- Isaacs in 1971
- Born: March 28, 1913 Spokane, Washington
- Died: June 6, 1980 (aged 67) Rancho Santa Fe, California
- Education: University of California, Berkeley
- Spouse: Mary Carol nee Zander
- Scientific career
- Workplaces: Scripps Institution of Oceanography, at UCSD

= John Dove Isaacs =

American engineer and oceanographer (1913–1980)

John Dove Isaacs III (March 28, 1913 – June 6, 1980) was an American engineer and oceanographer. He was known for his research and contributions to the Scripps Institution of Oceanography at the University of California, San Diego.

== Early life ==
Isaacs was born in Spokane, Washington in 1913. He joined the U.S.Civilian Conservation Corps in 1933 and moved to the Siuslaw National Forest thereafter to work as a service lookout. He moved to Astoria in 1938 to work as a fisherman.

Isaacs studied engineering at the University of California, Berkeley and received his Bachelor of Science in 1944. During World War II, he worked alongside Willard Bascom to test DUKWs.

== Research at Scripps ==

Isaacs joined Scripps in 1948 as an associate oceanographer, working as a consultant to monitor Pacific nuclear tests including Operations Crossroads, Ivy, Castle, Wigwam, and Redwing. In 1952, Isaacs met William Nierenberg on the Mine Advisory Committee and was influential in convincing Nierenberg to come to Scripps.

Early in his time at Scripps, Isaacs came up with a plan to tow Antartctic icebergs to the coast of California to offset drought conditions and replenish reservoirs. The idea was dismissed due to economic constraints and ecological concerns.

Isaacs was known for his involvement in the development of the Isaacs-Kidd midwater trawl (along with Lewis Kidd) in the 1950s and 60s. He also furthered the development of the space elevator concept, which he called the 'Sky-Hook', for transport of people and materials to low Earth orbit.

Isaacs was involved with numerous research groups and boards at Scripps throughout his career: The Marine Life Gesearch Group from 1958 to 1974, interim director of the Institution of Marine Resources from 1961 to 1962 (and the director from 1971 to 1980), a consultant for the Southern California Coastal Water Research Project from 1969 to 1980, and was elected president of the Foundation for Ocean Research in 1976.

==Personal life==
Isaacs was a lifelong fisherman and spent much of his time in Oregon fishing near the Columbia River, Grays Harbor, and Tillamook Bay.

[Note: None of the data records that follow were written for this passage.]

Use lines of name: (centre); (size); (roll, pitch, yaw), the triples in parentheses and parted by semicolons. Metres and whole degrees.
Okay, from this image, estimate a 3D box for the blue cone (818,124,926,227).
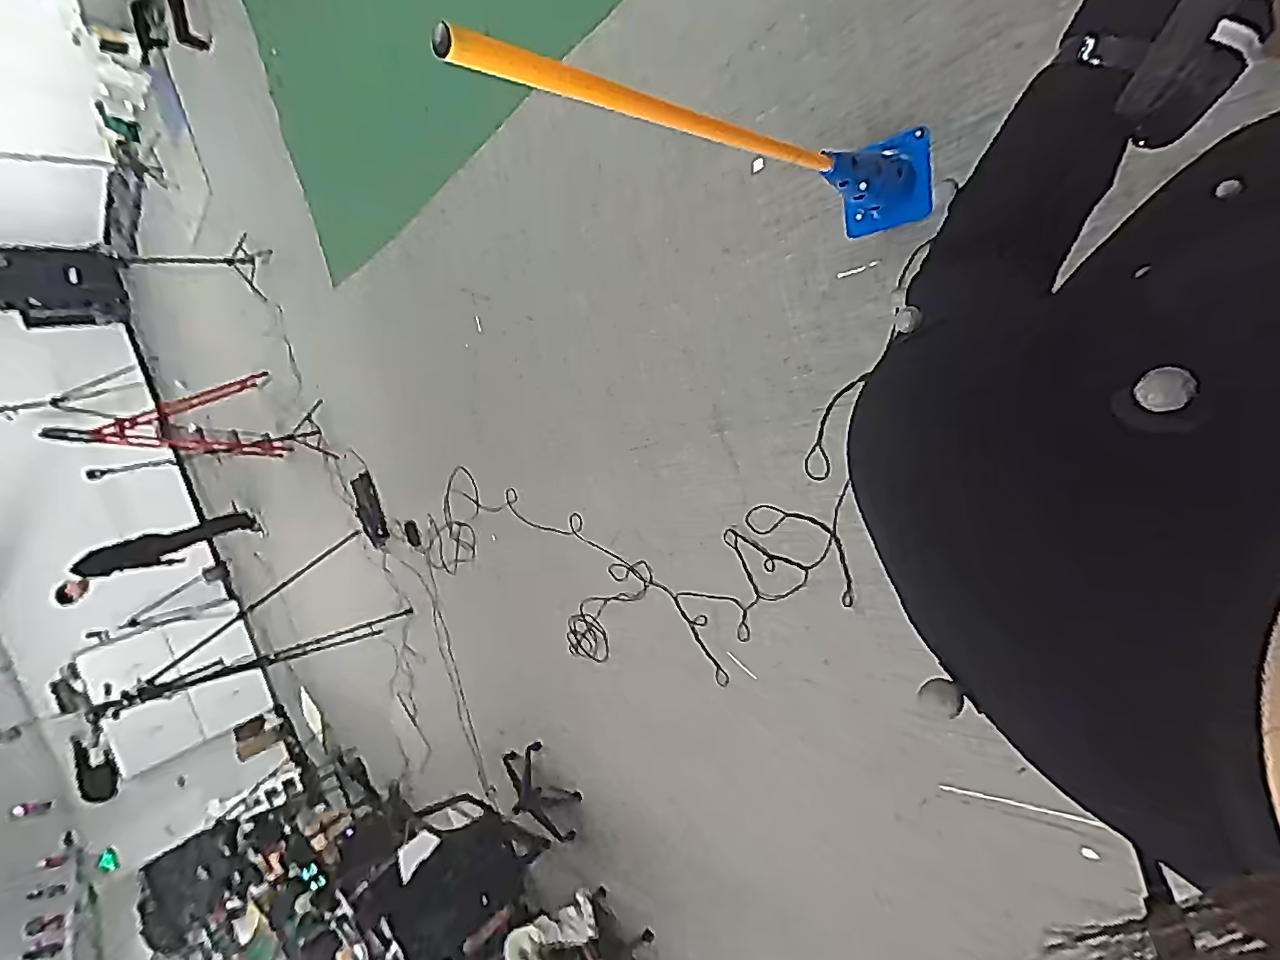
blue cone: (0.483, -0.685, 1.188); (0.193, 0.380, 0.192); (3, 107, 41)
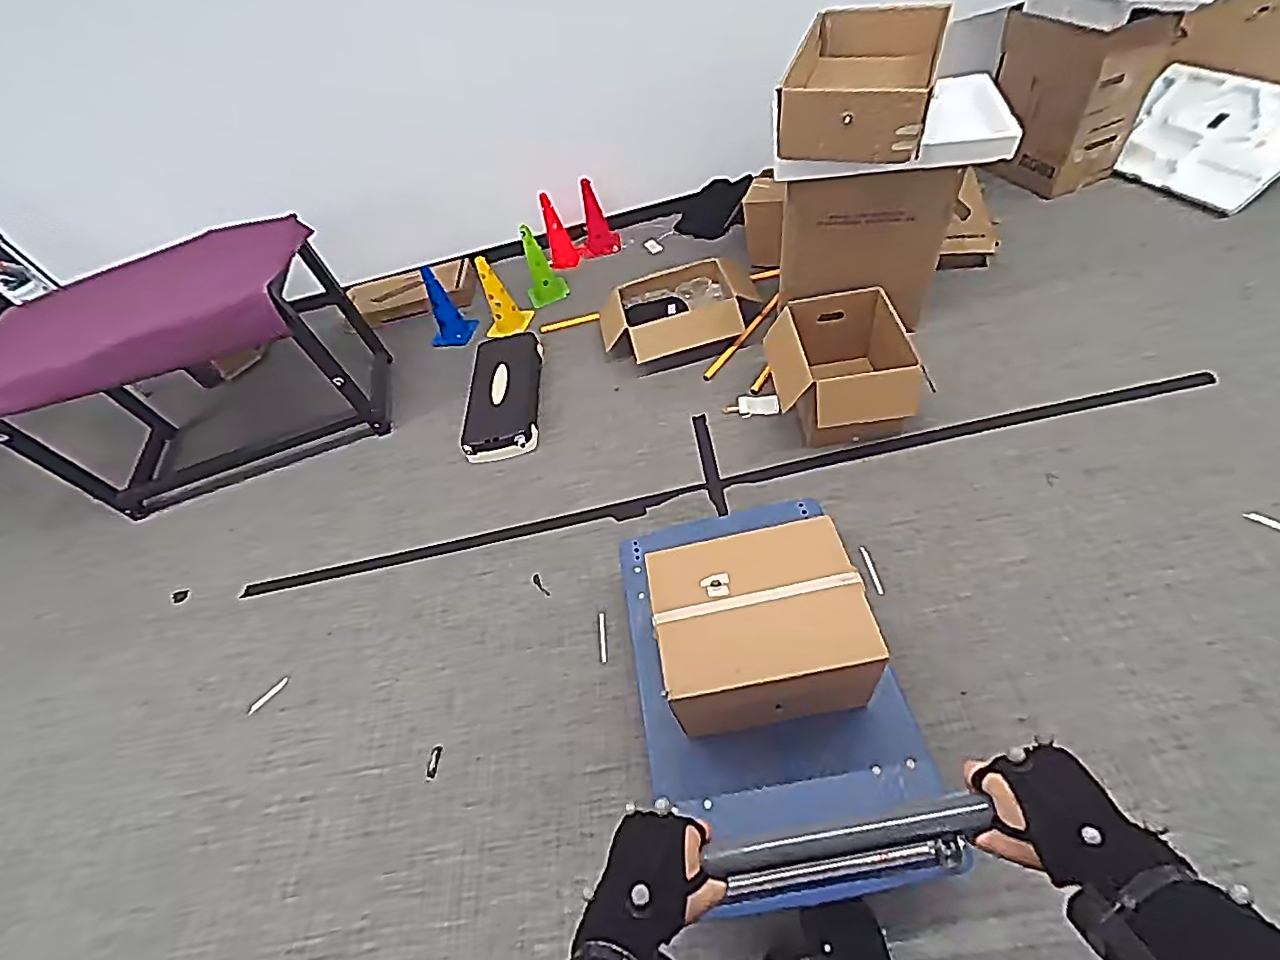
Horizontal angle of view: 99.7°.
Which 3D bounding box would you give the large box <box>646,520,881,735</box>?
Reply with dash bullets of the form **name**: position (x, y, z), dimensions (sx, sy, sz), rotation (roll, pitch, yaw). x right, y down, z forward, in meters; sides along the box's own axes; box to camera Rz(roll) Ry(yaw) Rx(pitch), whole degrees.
- **large box**: position (0.258, 0.336, 1.198), dimensions (0.408, 0.320, 0.320), rotation (-14, 50, 5)
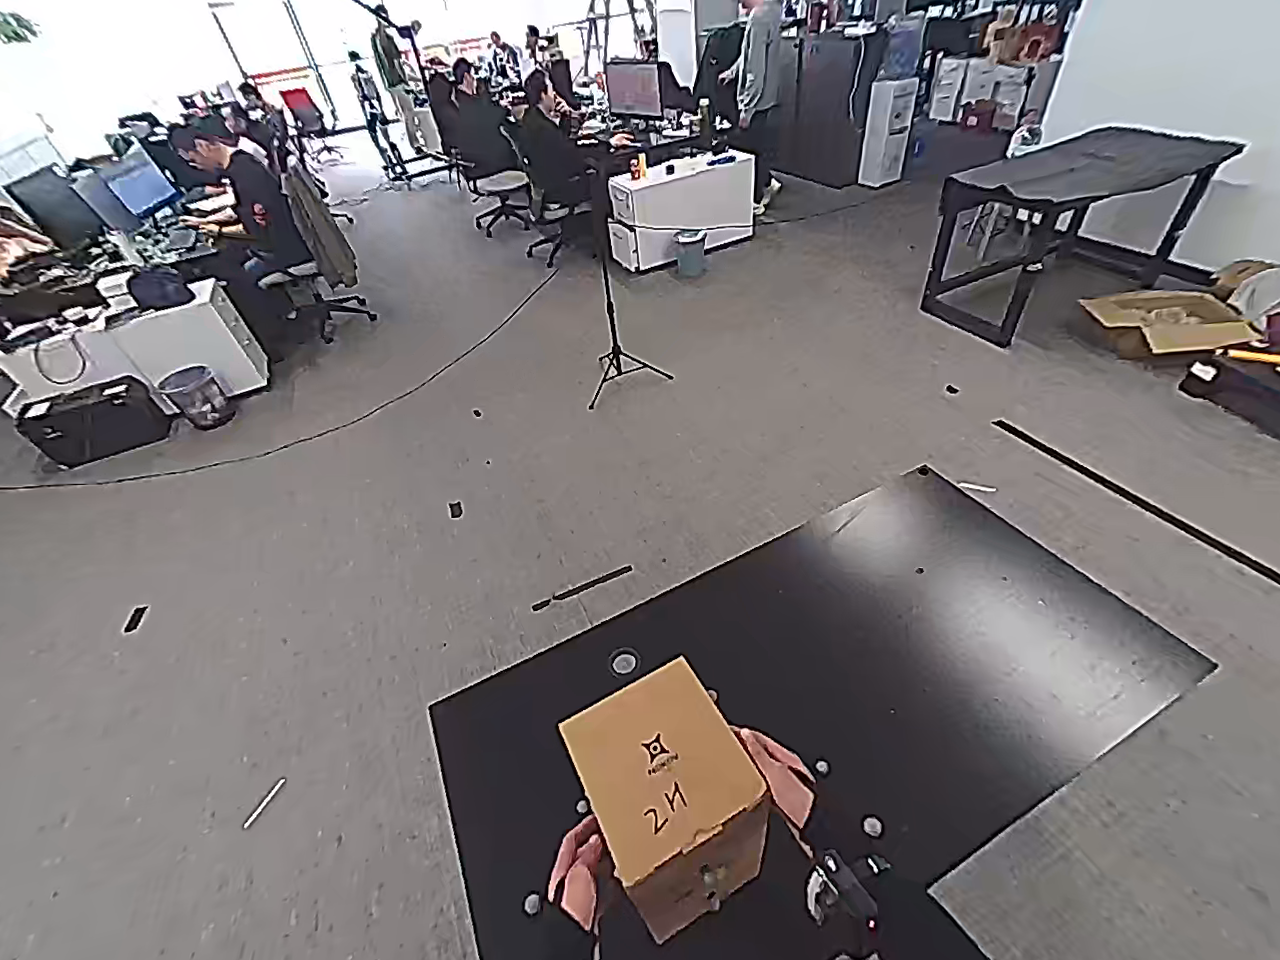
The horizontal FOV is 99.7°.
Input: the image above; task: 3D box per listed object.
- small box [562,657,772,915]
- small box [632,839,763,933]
[{"bbox_3d":[0.029,0.347,0.620,0.168,0.176,0.179,-24,45,-15],"label":"small box"},{"bbox_3d":[0.048,0.469,0.730,0.168,0.176,0.179,-24,45,-16],"label":"small box"}]
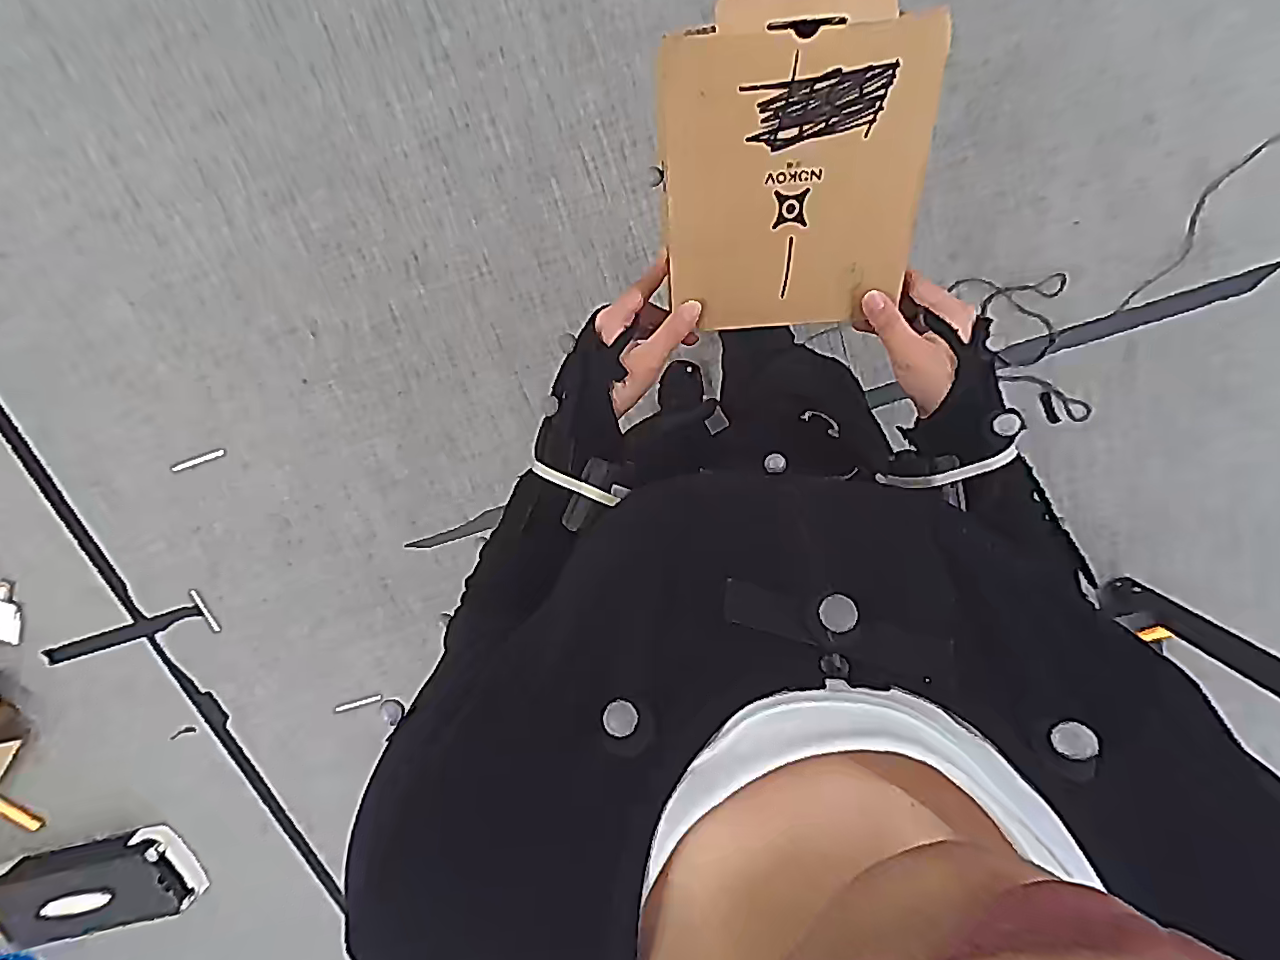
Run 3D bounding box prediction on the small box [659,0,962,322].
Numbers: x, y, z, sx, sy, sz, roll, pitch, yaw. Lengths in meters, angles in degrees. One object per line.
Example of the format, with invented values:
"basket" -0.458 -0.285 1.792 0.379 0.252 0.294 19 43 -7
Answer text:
"small box" 0.102 -0.236 0.412 0.168 0.176 0.179 -3 124 2
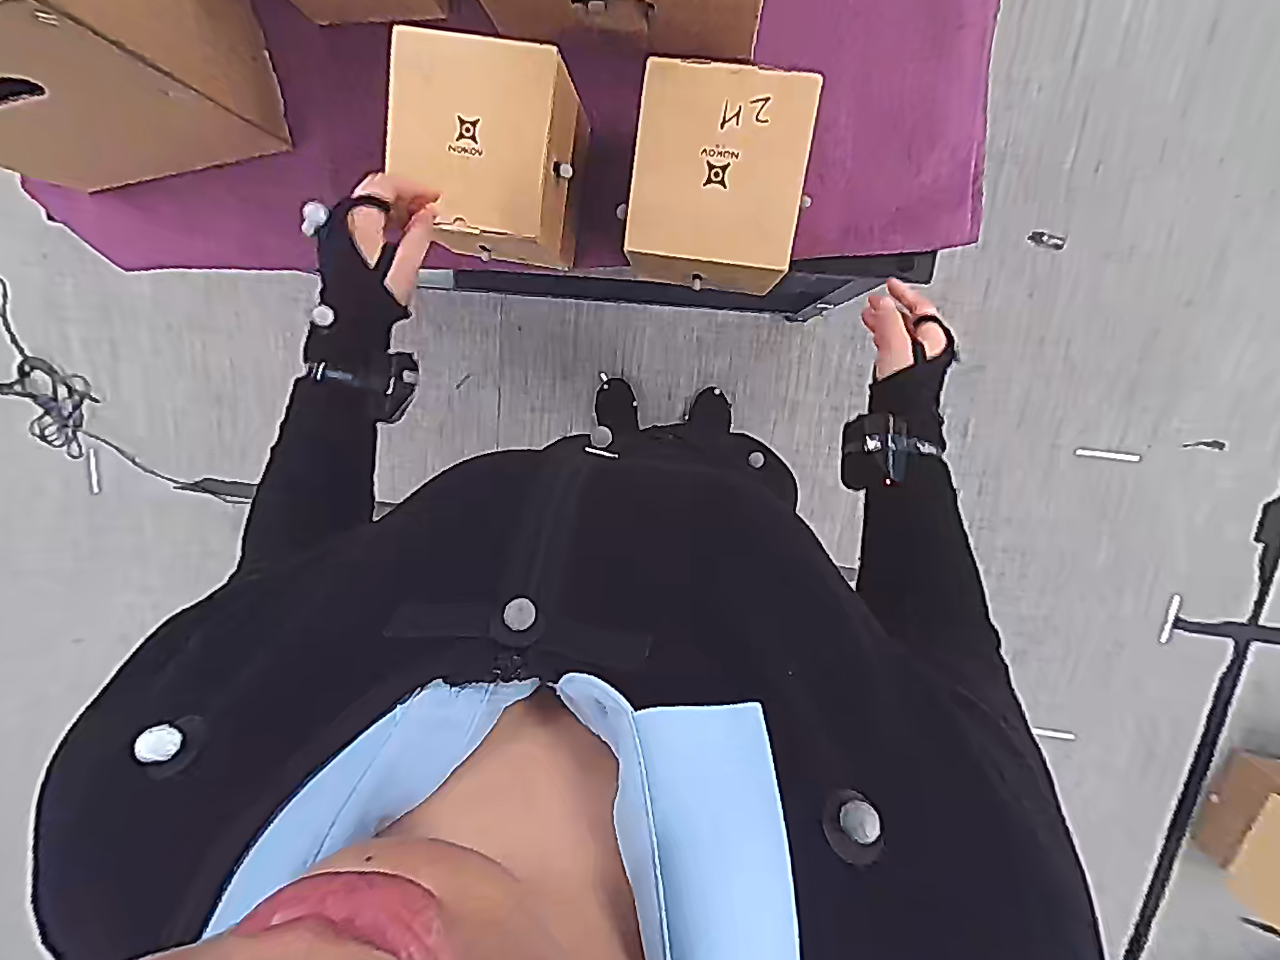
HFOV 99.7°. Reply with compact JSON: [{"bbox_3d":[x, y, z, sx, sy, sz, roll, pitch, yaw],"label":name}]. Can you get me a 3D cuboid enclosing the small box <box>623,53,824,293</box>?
[{"bbox_3d":[0.083,-0.311,0.588,0.168,0.176,0.179,9,101,3],"label":"small box"}]
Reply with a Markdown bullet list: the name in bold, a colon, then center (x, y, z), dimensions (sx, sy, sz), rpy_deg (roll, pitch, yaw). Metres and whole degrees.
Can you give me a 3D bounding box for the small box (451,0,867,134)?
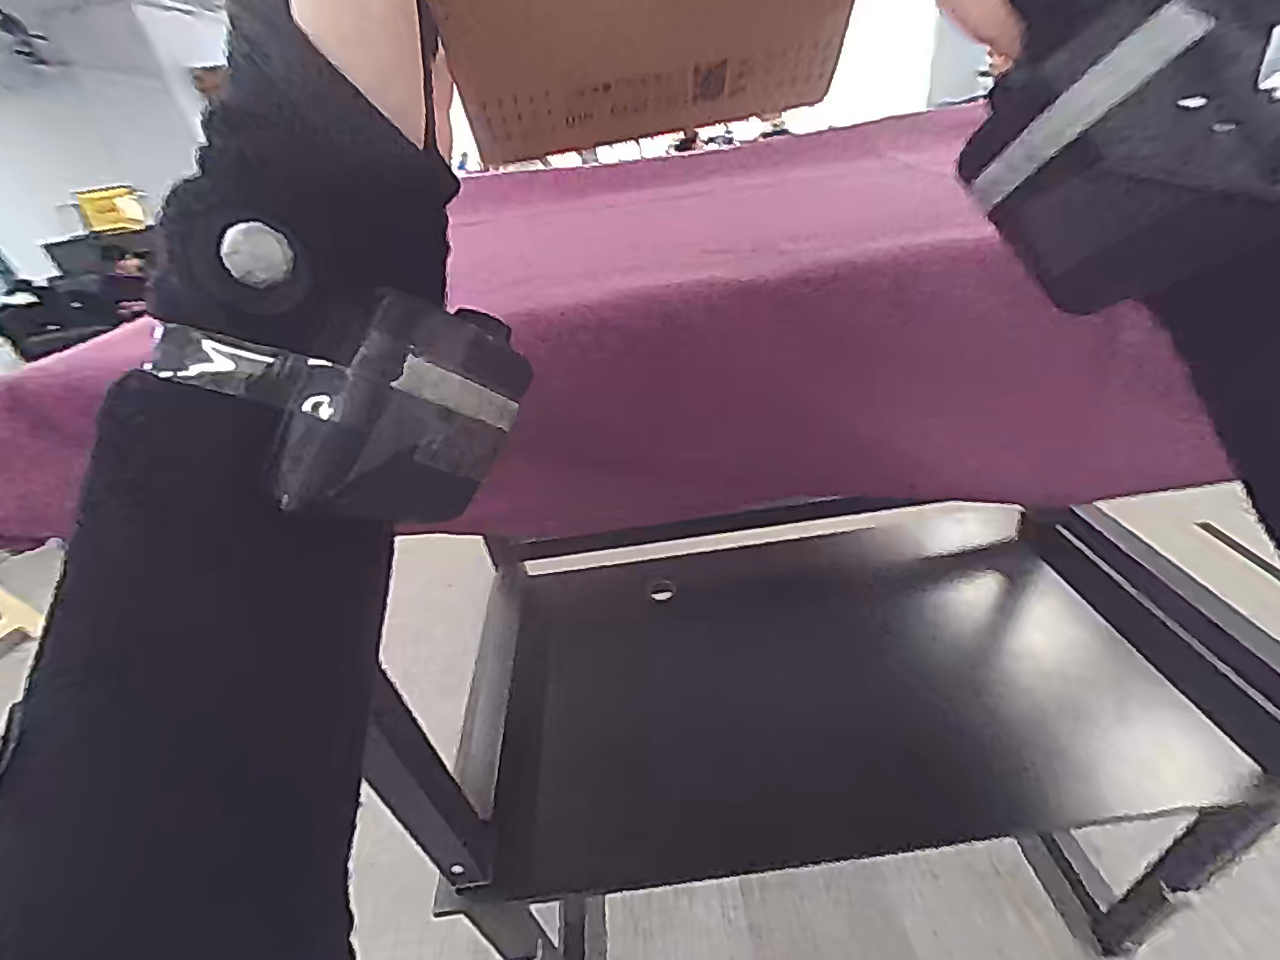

He married Mary Carol Zander while living in Oregon and together they had four children.

Isaacs died on June 6, 1980, after spending months fighting cancer.

==Honors==

Isaacs was honored by being elected to the American Geophysical Union, the National Academy of Sciences, the National Academy of Engineering, and the American Academy of Arts and Sciences.

Scripps honored Isaacs posthumously by creating the John Dove Isaacs Chair in Natural Philosophy. Isaacs hall on Scripps campus is named after him.

The research vessel RV John Isaacs was named after him.